Member of the Bangladesh Parliament for Brahmanbaria-1
- In office 30 January 2024 – 6 August 2024
- Preceded by: Bodruddoza Md. Farhad Hossain

Personal details
- Born: 1 January 1957 (age 69) Brahmanbaria, East Pakistan, Pakistan
- Party: BNP
- Nickname: Sukhan

= Syed AK Ekramuzzaman =

Bangladeshi politician

Syed A.K. Ekramuzzaman is a Bangladeshi politician. He is the managing director of RAK Ceramics in Bangladesh. He is a former member of Jatiya Sangsad, having been elected to represent the Brahmanbaria-1 constituency as an independent politician in the 2024 Bangladeshi general election, before subsequently joining the Awami League in February 2024.

== Early life ==
Syed A. K. Ekramuzzaman was born on 1 January 1957 in the village of Chapartala, under Nasirnagar Upazila. His father's name is Syed Q. Zaman, and his mother's name is Syeda [given name] Zaman. Ekramuzzaman is a businessman. According to reports, he was one of the most talked-about individuals among those who submitted nominations for the 12th Jatiya Sangsad (National Parliament) election.

He is the managing director of RAK Ceramics. In addition, he serves as the chairman of Star Ceramics Limited, Star Porcelain, and SAK Consumer.

== Political career ==
Syed A. K. Ekramuzzaman (Sukhan) was an adviser to Khaleda Zia, chairperson of the Bangladesh Nationalist Party. He had previously been nominated by the BNP as a candidate for the Brahmanbaria-1 constituency. In the 9th national parliamentary election, he was defeated by the Awami League candidate Mohammad Sayedul Haque. In the 11th parliamentary election, he lost again to Awami League candidate Bodruddoza Md. Farhad Hossain.

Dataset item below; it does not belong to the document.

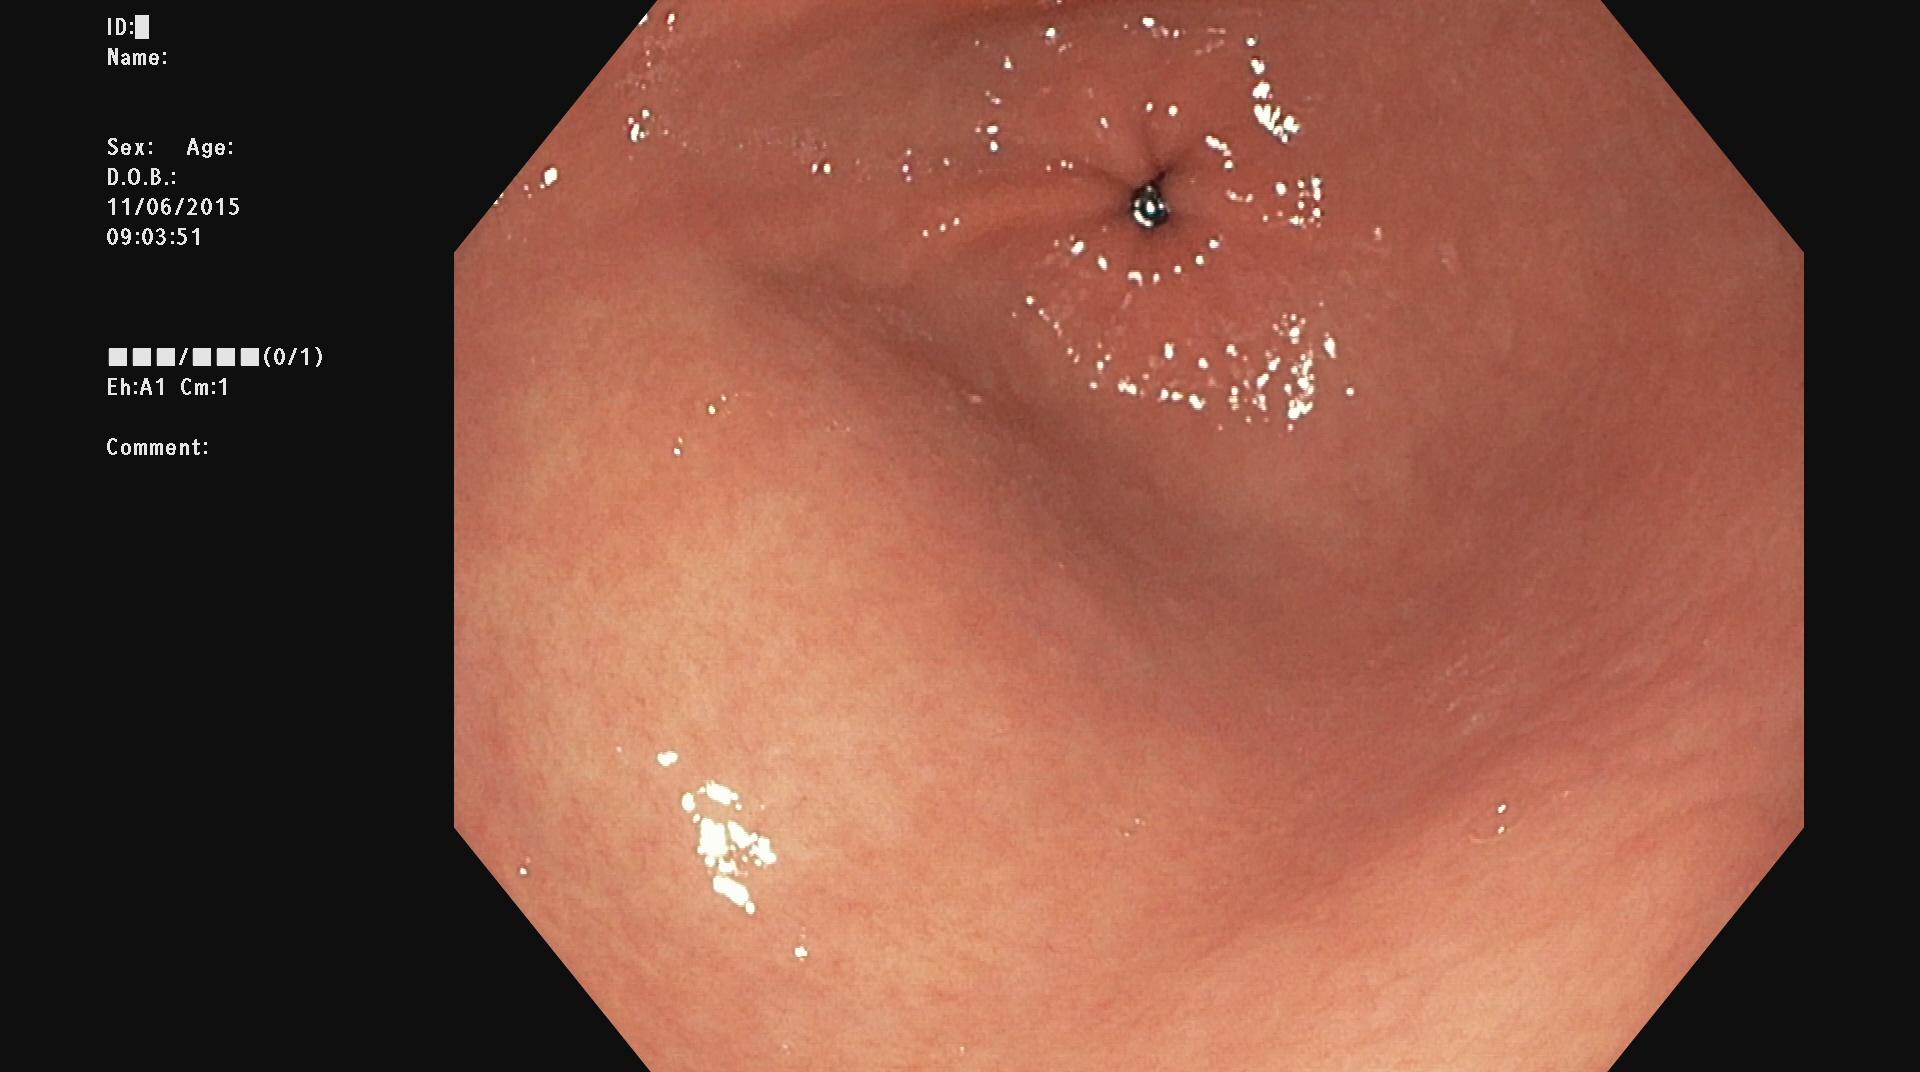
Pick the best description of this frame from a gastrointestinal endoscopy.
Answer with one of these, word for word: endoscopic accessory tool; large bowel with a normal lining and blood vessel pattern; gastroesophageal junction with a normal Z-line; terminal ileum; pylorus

pylorus

On 28 November 2023, Syed A. K. Ekramuzzaman (Sukhan) was expelled from all positions within the BNP. He joined the Awami League on 13 February 2024.

In the 12th parliamentary election, he was elected as an independent Member of Parliament after receiving 89,424 votes, defeating his closest rival Bodruddoza Md. Farhad Hossain by a margin of 43,225 votes.

However, on 5 August 2024, amid the Non-cooperation movement, then-Prime Minister Sheikh Hasina resigned and fled to India. The following day, on 6 August, the President dissolved the Parliament, as a result of which Ekramuzzaman lost his seat in the Jatiya Sangsad.